(ASSIGNMENT):
Please repeat the lines below exactly. Begin with the line containing "Rendered at 1241 by 1754 pixels." and go on through the line containing "Identify the document".

ENTRIES PROVIDED Block Start

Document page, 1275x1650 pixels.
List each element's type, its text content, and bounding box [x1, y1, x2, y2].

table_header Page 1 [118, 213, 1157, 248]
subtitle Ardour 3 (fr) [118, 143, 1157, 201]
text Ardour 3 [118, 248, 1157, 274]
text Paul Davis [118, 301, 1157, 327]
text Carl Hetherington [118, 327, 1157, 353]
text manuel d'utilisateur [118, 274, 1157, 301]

ENTRIES PROVIDED Block End
ENTRIES PROVIDED Block Start

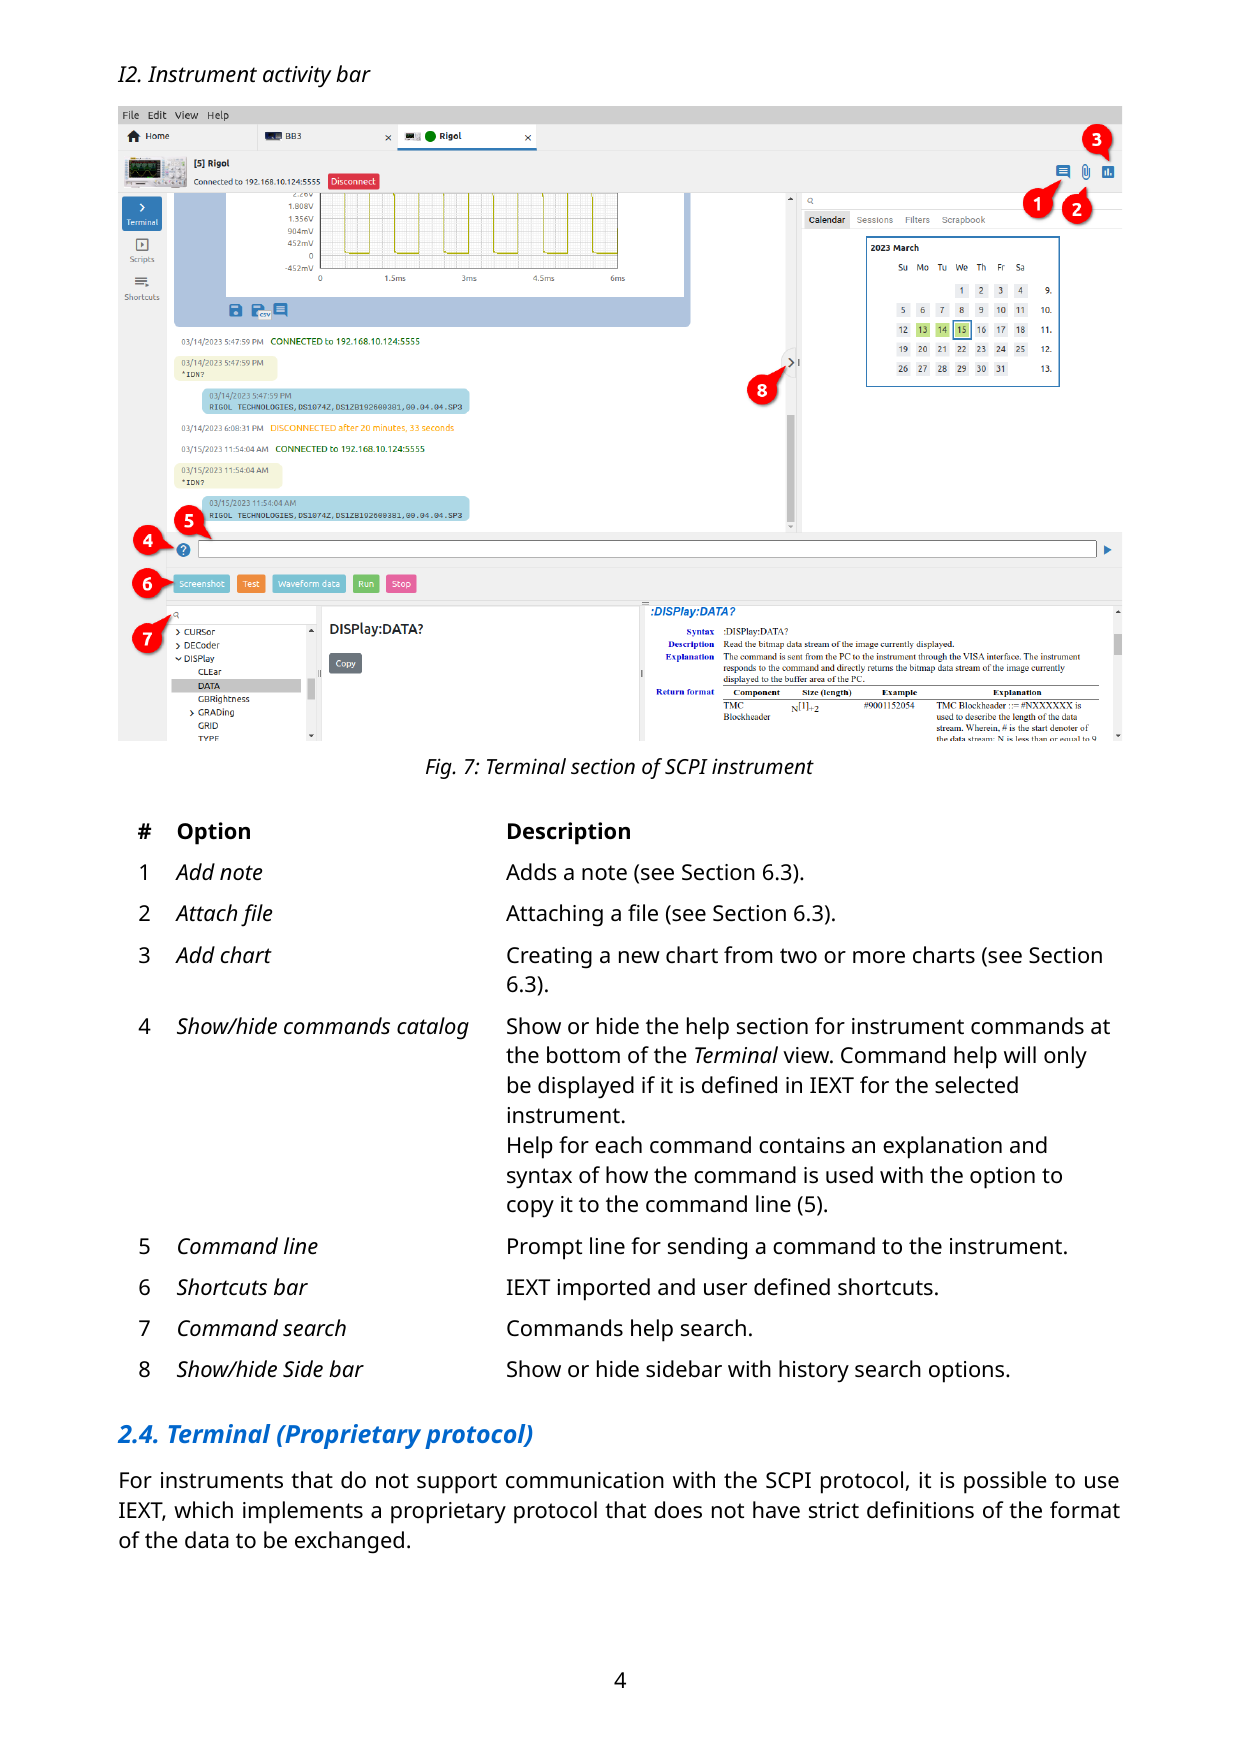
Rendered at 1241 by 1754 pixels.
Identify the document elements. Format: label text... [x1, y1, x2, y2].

ENTRIES PROVIDED Block End

(RESPONSE):
Rendered at 1241 by 1754 pixels.
Identify the document elements. Format: label text... [x1, y1, x2, y2].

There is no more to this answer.